The first part of the objective function is the *data misfit* term, which minimizes the discrepancy between field resistance data (or resistance and IP data for IP inversion) and the computed resistances (or resistances and IP measurements for IP inversion) based on Equation 1 or Equation 5, within measurement errors. The second part is the regularization term, often called the *model roughness* if smoothing is sought, which typically minimizes the roughness (or maximizes the smoothing) of the electrical conductivity field and allows for a well-posed inverse problem. This term is required due to the *overparameterization* of the inverse problem, meaning that the information provided by the measurements cannot uniquely resolve each of the conductivity parameters. It is possible to be creative with the regularization term, depending on prior information available to develop a conceptual model (e.g., Caterina et al., 2014; Nguyen et al., 2016; Hermans et al., 2016).

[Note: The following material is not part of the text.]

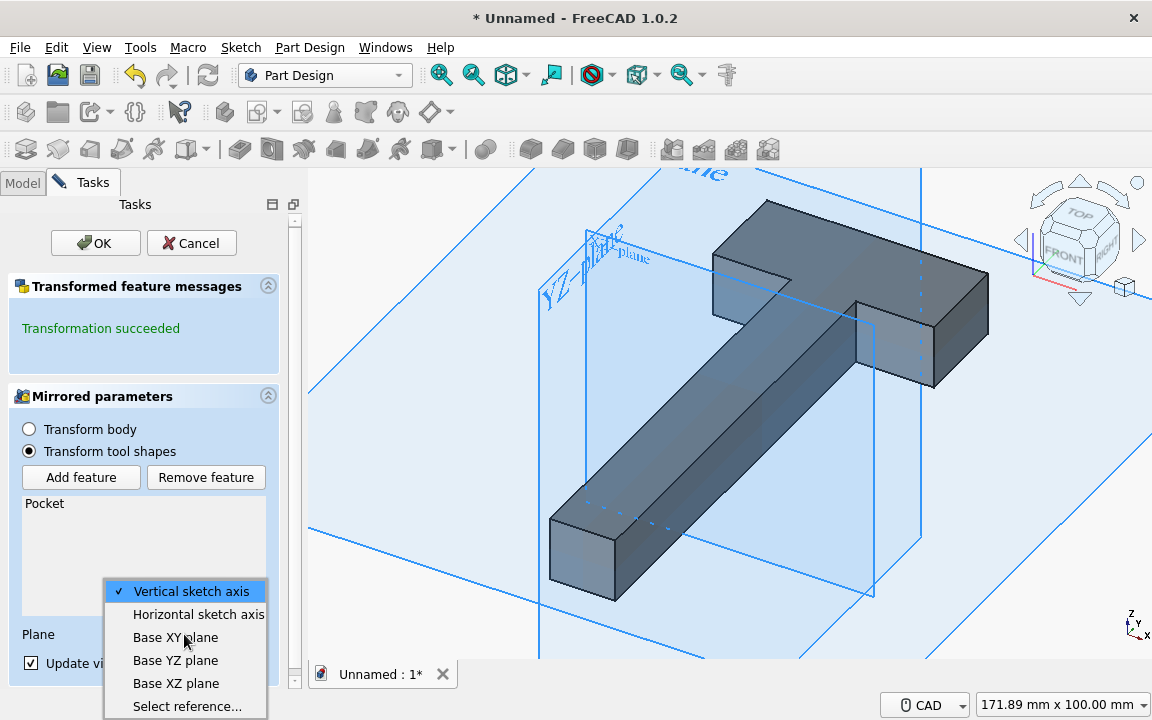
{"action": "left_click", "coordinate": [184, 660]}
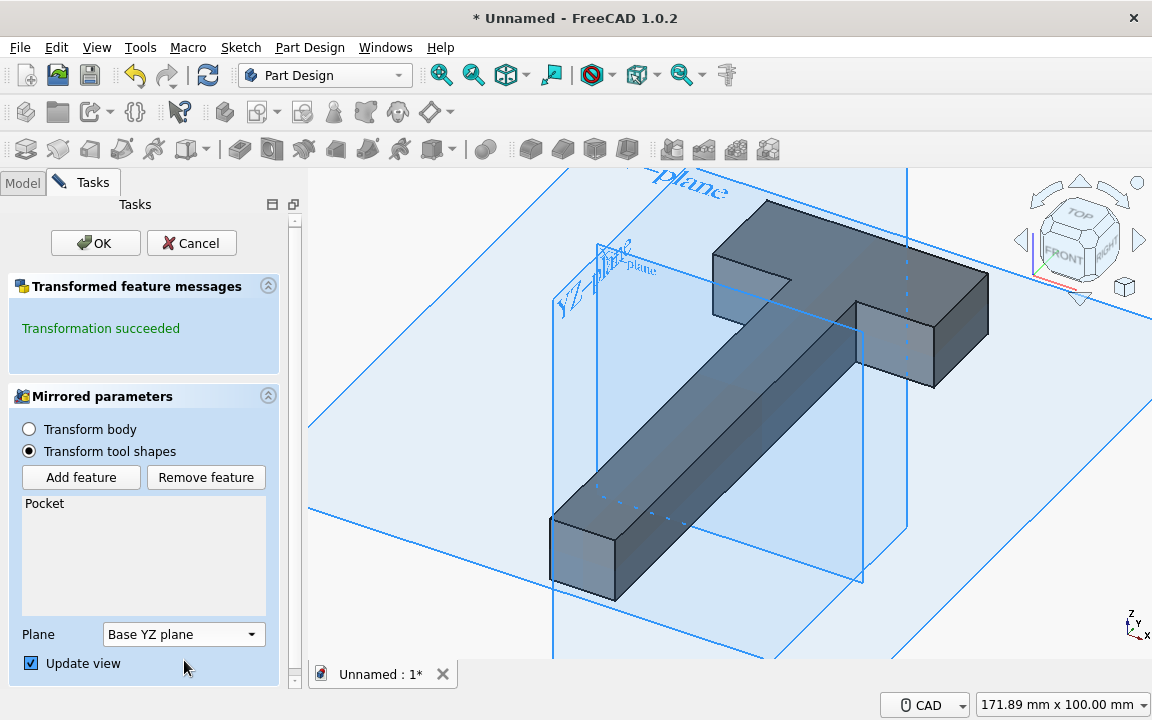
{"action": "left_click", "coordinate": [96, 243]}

In a non-linear inverse problem, model parameters are updated iteratively by repeated solution of a linearized system of equations for *Δ**m* at successive iterations. Such an approach results in the regularization changing throughout the iterative process. This process makes it difficult to map the effect of regularization throughout the inversion process, and consequently impairs quantitative inference from the images. The update appears as shown in Equation 10.

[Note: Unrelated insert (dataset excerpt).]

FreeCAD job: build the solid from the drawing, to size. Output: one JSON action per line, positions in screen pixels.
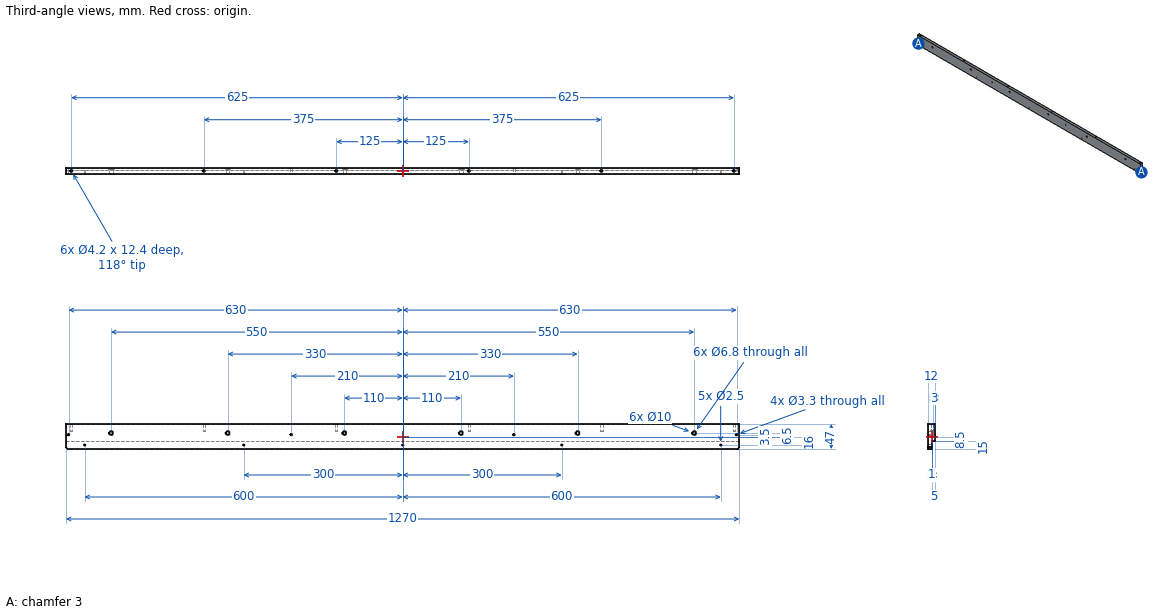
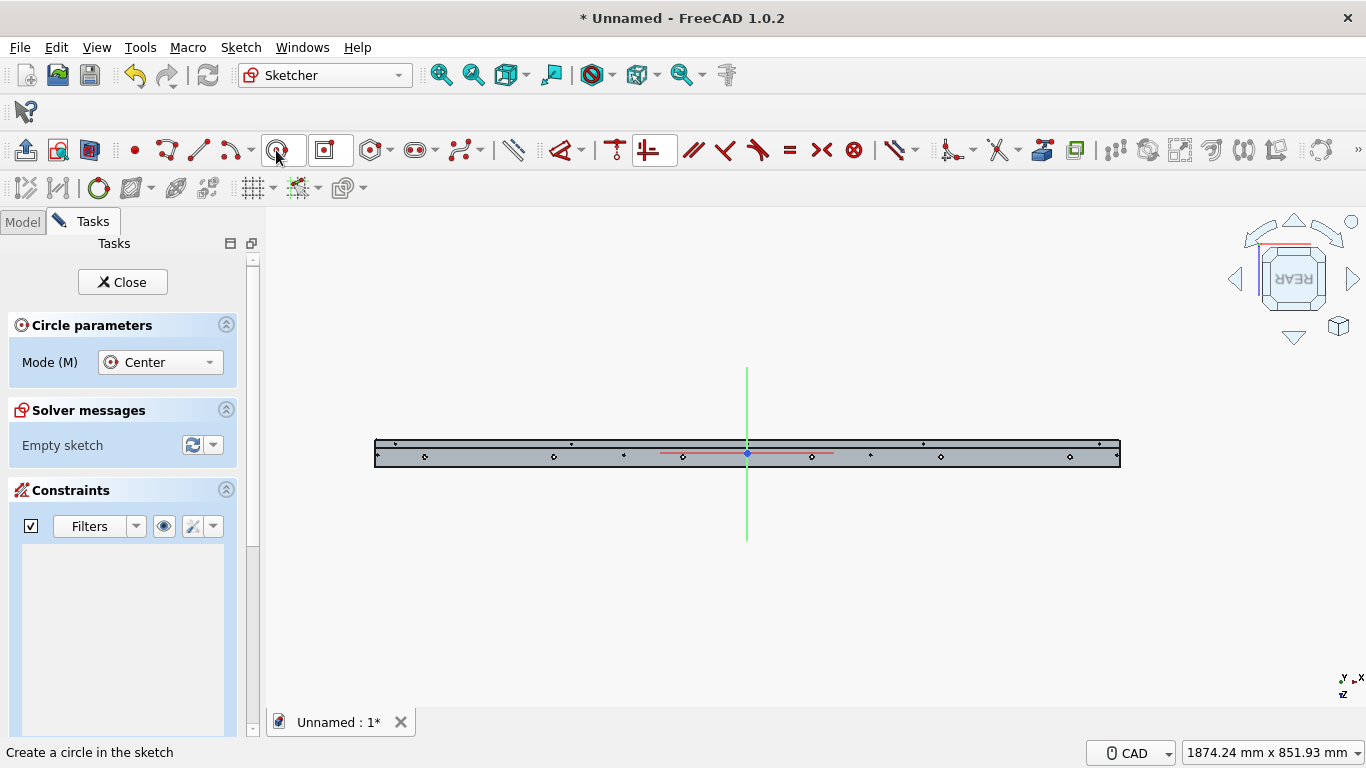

[latex]\displaystyle \left [ J^{\textrm{T}}C{_{D}}^{-1}J+\varepsilon D^{\textrm{T}}D \right ]\Delta m=J^{\textrm{T}}C{_{D}}^{-1}\left ( d_{obs}-g(m_{k-1}) \right )-\varepsilon D^{\textrm{T}}Dm_{k-1}[/latex] | (10a) |

[latex]\displaystyle m_{k}=m_{k-1}+\Delta m[/latex] | (10b) |

where:

J |
= | Jacobian matrix at iteration k, with elements J_{ij} = ∂d_{sim,i}/∂m_{j} |

d_{sim,i} |
= | calculated value of measurement i |

m_{k} |
= | vector of parameter estimates after updating in iteration k |

Δm |
= | vector of parameter updates for iteration k |

Although tomographic inversion with regularization is useful for imaging large-scale (low-spatial-frequency) structures, it yields poor results when attempting to infer quantitative values from the recovered images (e.g., Binley et al., 2002; Singha and Gorelick, 2005; Day-Lewis et al., 2007) due to uncertainty in the inversions for reasons discussed in the next section.

3-D acquisition and inversion are increasingly possible and appropriate, although many practitioners still use 2-D inversion. As noted earlier, commercially available software for 2-D inversion commonly invokes the 2.5-D assumption for computational efficiency, where 2-D ER cross sections are constructed by simulating 3-D current flow under the assumption of 2-D heterogeneity (Dey and Morrison, 1979; LaBrecque et al., 1996). The 2.5-D assumption amounts to assuming that all heterogeneity in the 2-D imaged cross section extends infinitely out the 2-D plane. Clearly, this assumption is violated in the presence of strong 3-D heterogeneity, which requires 3-D acquisition and inversion approaches to image accurately.